2.5 Tables and Graphs
2.5.1 Graph 1
shooting_by_time_of_day <- shooting_data_clean %>%
group_by(time_of_day) %>%
dplyr::summarize(total = n())ggplot(shooting_by_time_of_day, aes(x = time_of_day, y = total)) +
geom_bar(stat = 'identity', fill = 'steelblue') +
labs(title = "Frequency of Shootings in NYC by Time of Day",
x = "Time of Day",
y =" Total" +
theme(
plot.title = element_text(size=15, family = "serif", face = "bold")
)
)
This graph shows us that most shootings occur at night.
2.5.2 Table 1
murders_per_year <- shooting_data_clean %>%
filter(STATISTICAL_MURDER_FLAG == TRUE) %>%
group_by(Year)
murders_summary <- murders_per_year %>%
count(Year,STATISTICAL_MURDER_FLAG)
murders_summary <- murders_summary %>% rename(total = n)murders_summary %>% select(1,3) %>% kable(caption = "Gun Murders per Year, NYC: 2006-2024")| Year | total |
|---|---|
| 01 | 266 |
| 02 | 231 |
| 03 | 257 |
| 04 | 314 |
| 05 | 414 |
| 06 | 353 |
| 07 | 404 |
| 08 | 359 |
| 09 | 382 |
| 10 | 299 |
| 11 | 244 |
| 12 | 305 |
2.5.3 Graph 2
ggplot(murders_summary, aes(x = Year, y = total, group = 1))+
geom_line(color = 'red', linewidth = 1) +
labs(title = "Gun Murders in NYC per Year",
x = "Year",
y =" Murders by Gun") +
theme(
plot.title = element_text(size=20, family = "serif", face = "bold")
)
This graph shows us the trend line of how many shootings resulted in murder each year from 2006-2024. There had been a steady decline with a spike in 2020.

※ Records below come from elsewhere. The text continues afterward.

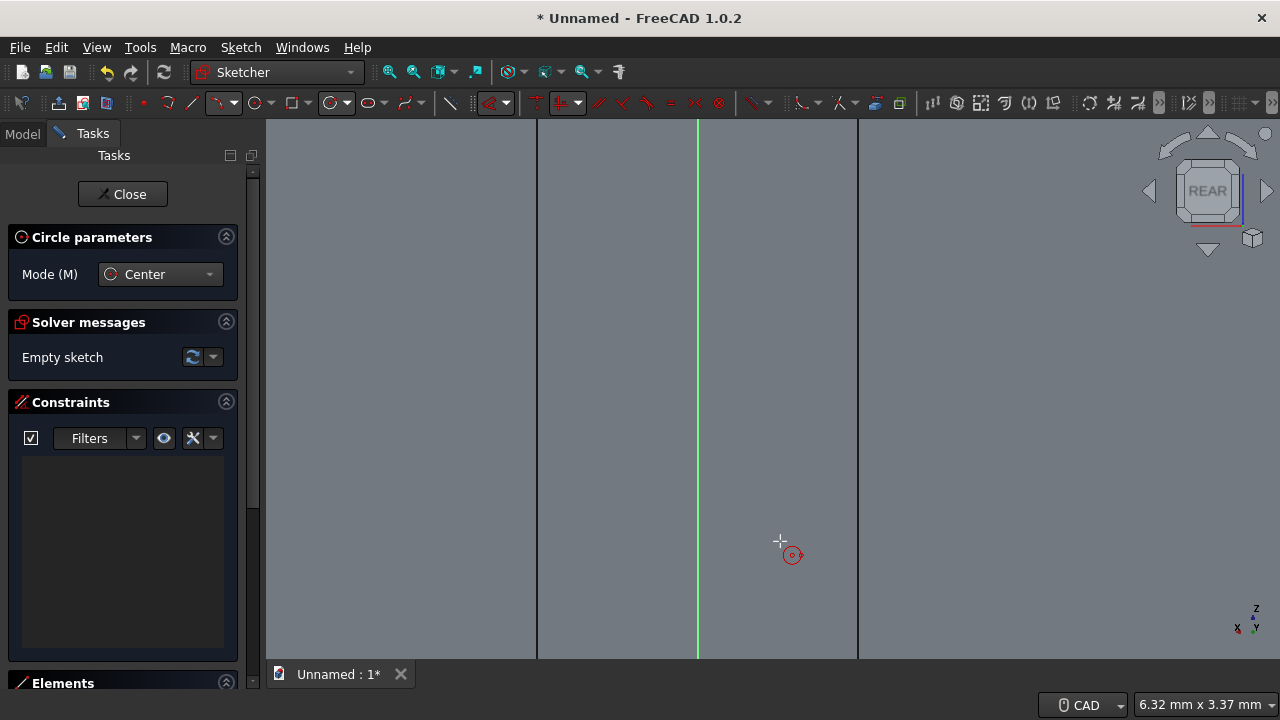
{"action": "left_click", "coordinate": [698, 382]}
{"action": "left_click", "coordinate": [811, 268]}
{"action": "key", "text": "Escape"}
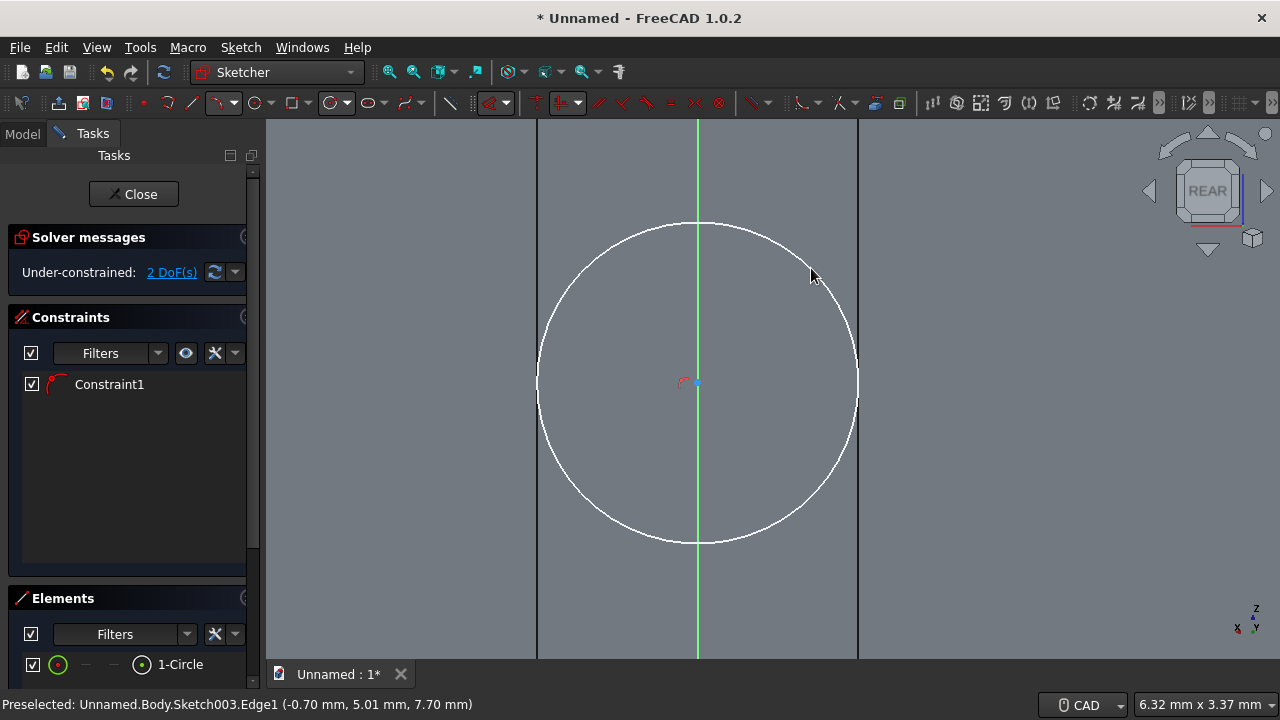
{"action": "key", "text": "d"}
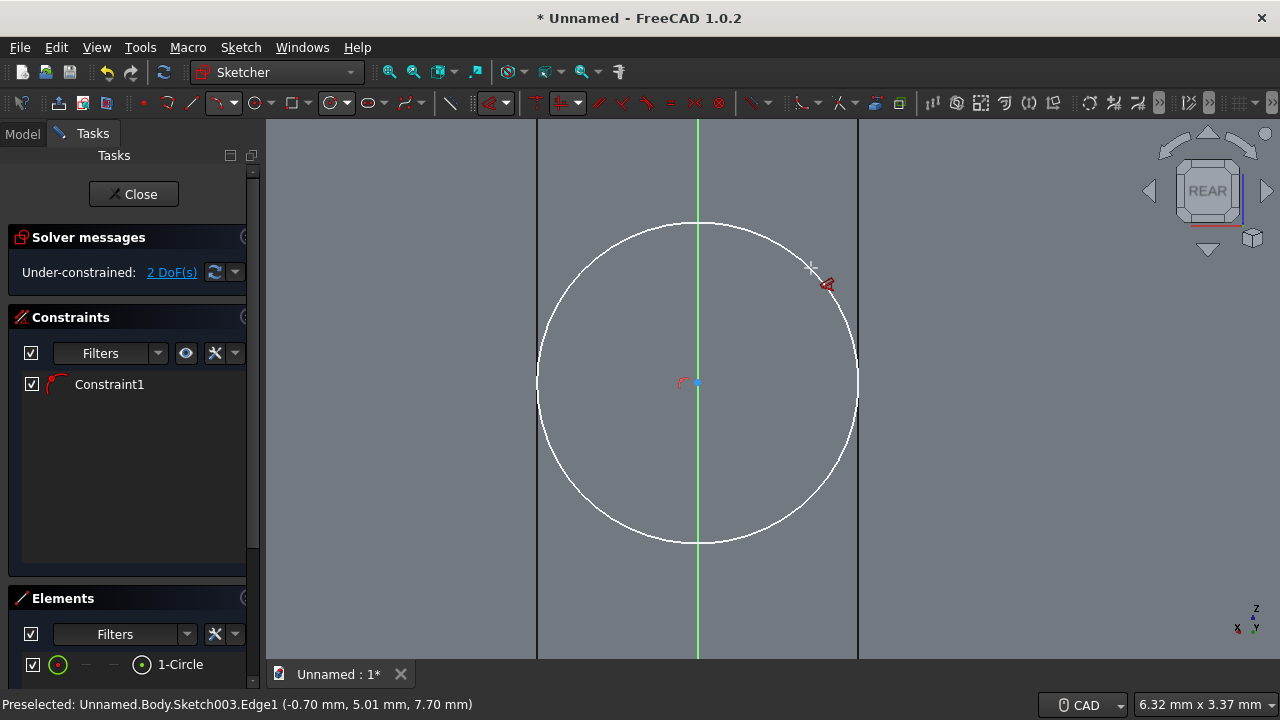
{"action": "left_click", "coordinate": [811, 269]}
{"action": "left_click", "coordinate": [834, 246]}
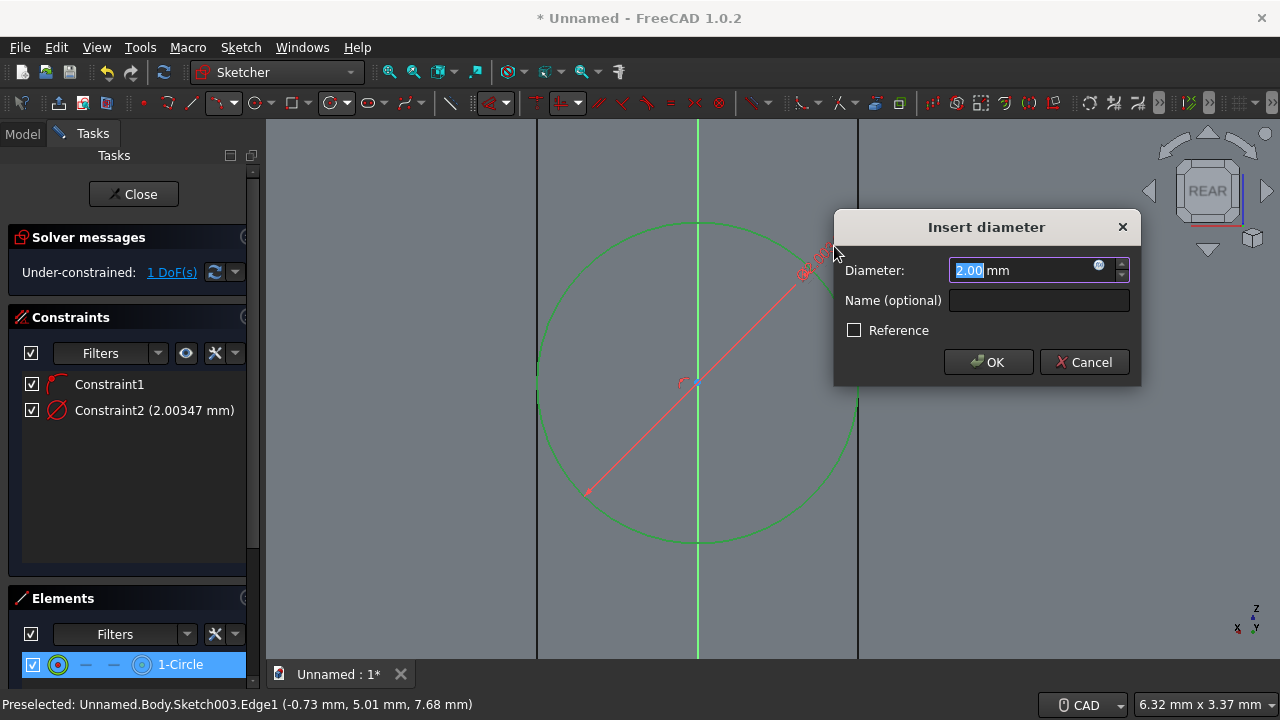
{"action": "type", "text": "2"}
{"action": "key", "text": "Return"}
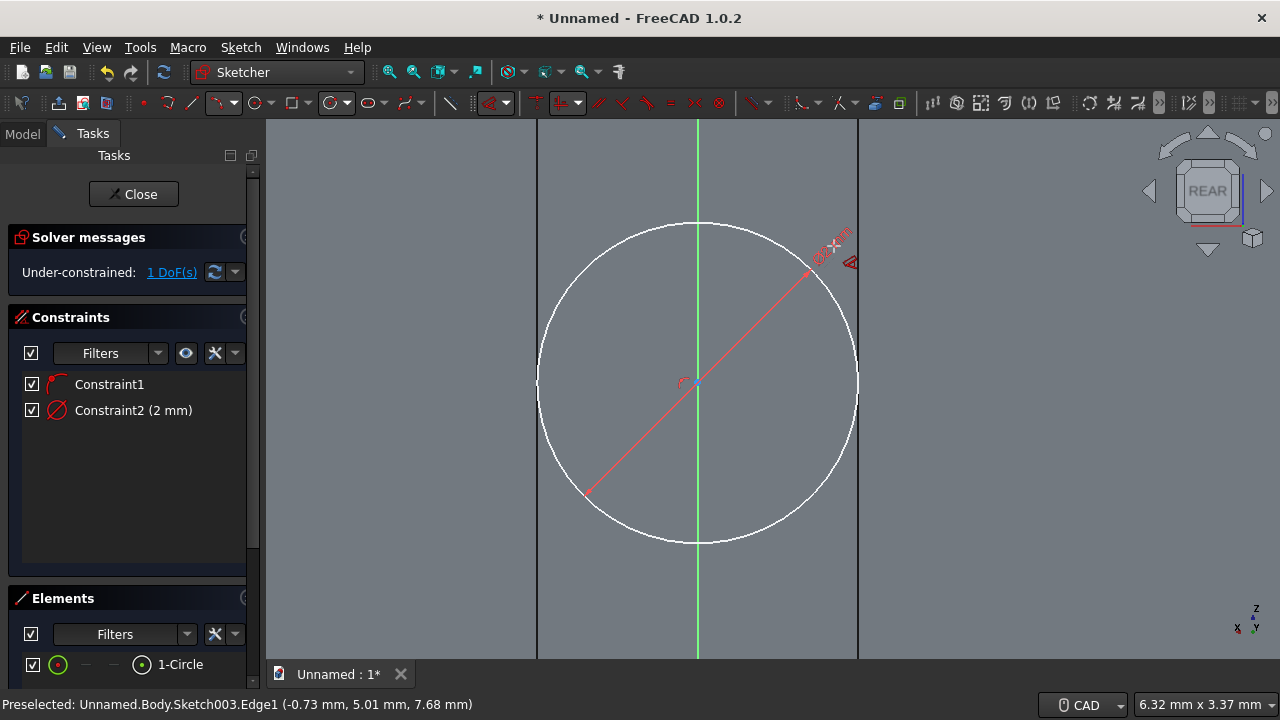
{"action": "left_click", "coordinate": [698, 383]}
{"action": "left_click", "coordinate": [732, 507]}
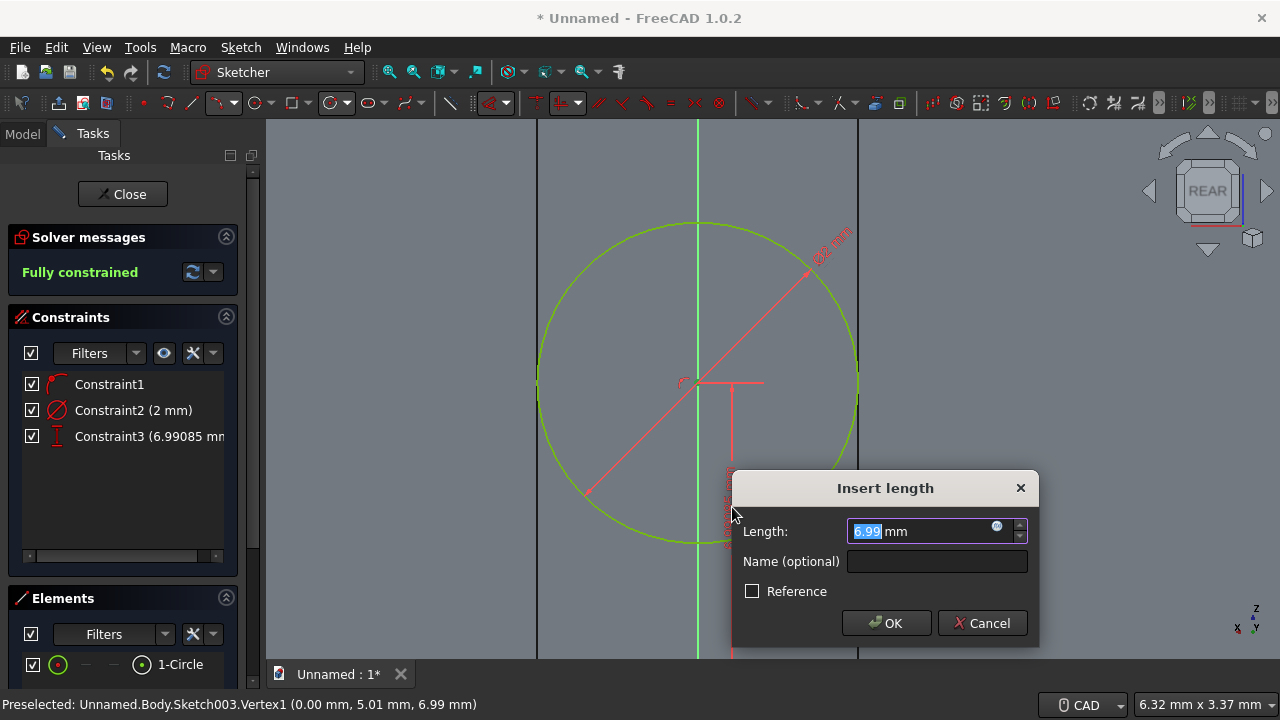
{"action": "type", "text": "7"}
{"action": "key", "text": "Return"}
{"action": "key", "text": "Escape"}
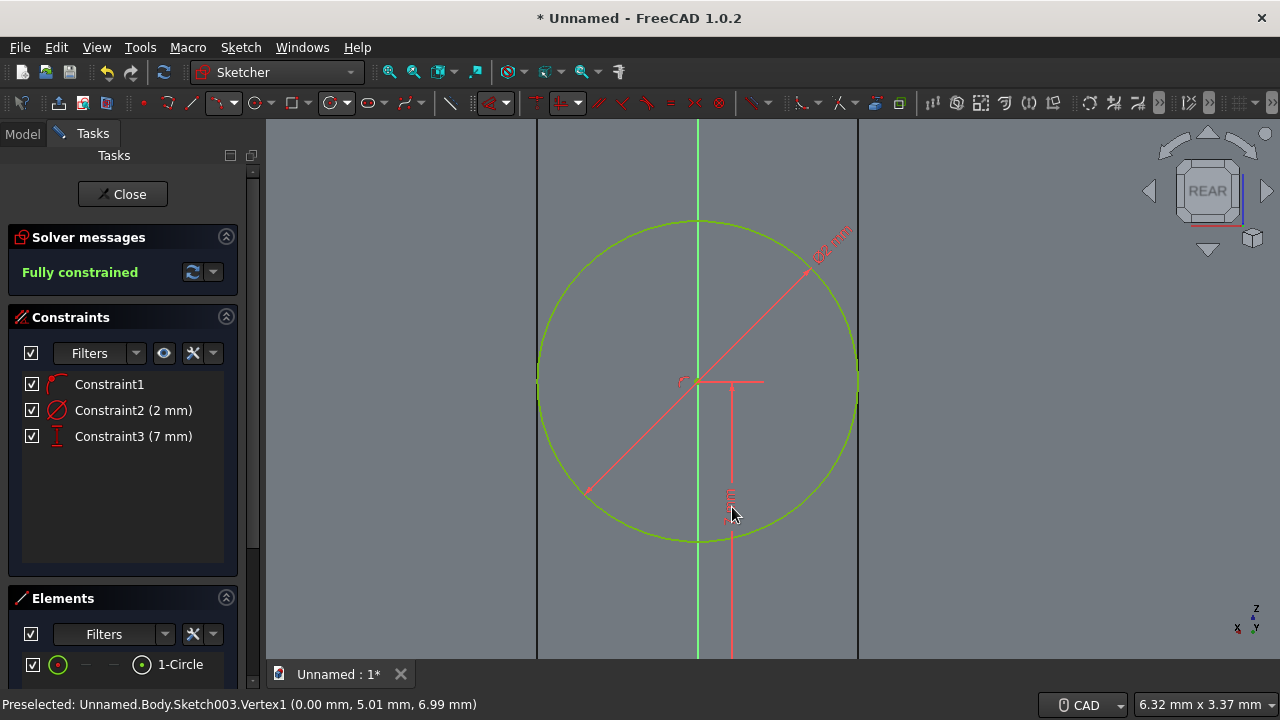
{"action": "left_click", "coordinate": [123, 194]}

The average amount of shootings that result in death in NYC each year is 319 per year.
2.6 Reflection
I could see this workflow helping me in my thesis research because it seems to be a good tool for creating a coherent and comprehensive document to look back on and follow. Additionally, it seems easy to share my thought process/analyses with my mentor, and an accessible way for her to collaborate on my code if need be. While I still have to figure out the best way to utilize this kind of workflow, I can definitely see it having benefits to keep everything organized for myself and my data, and for reproducibility purposes.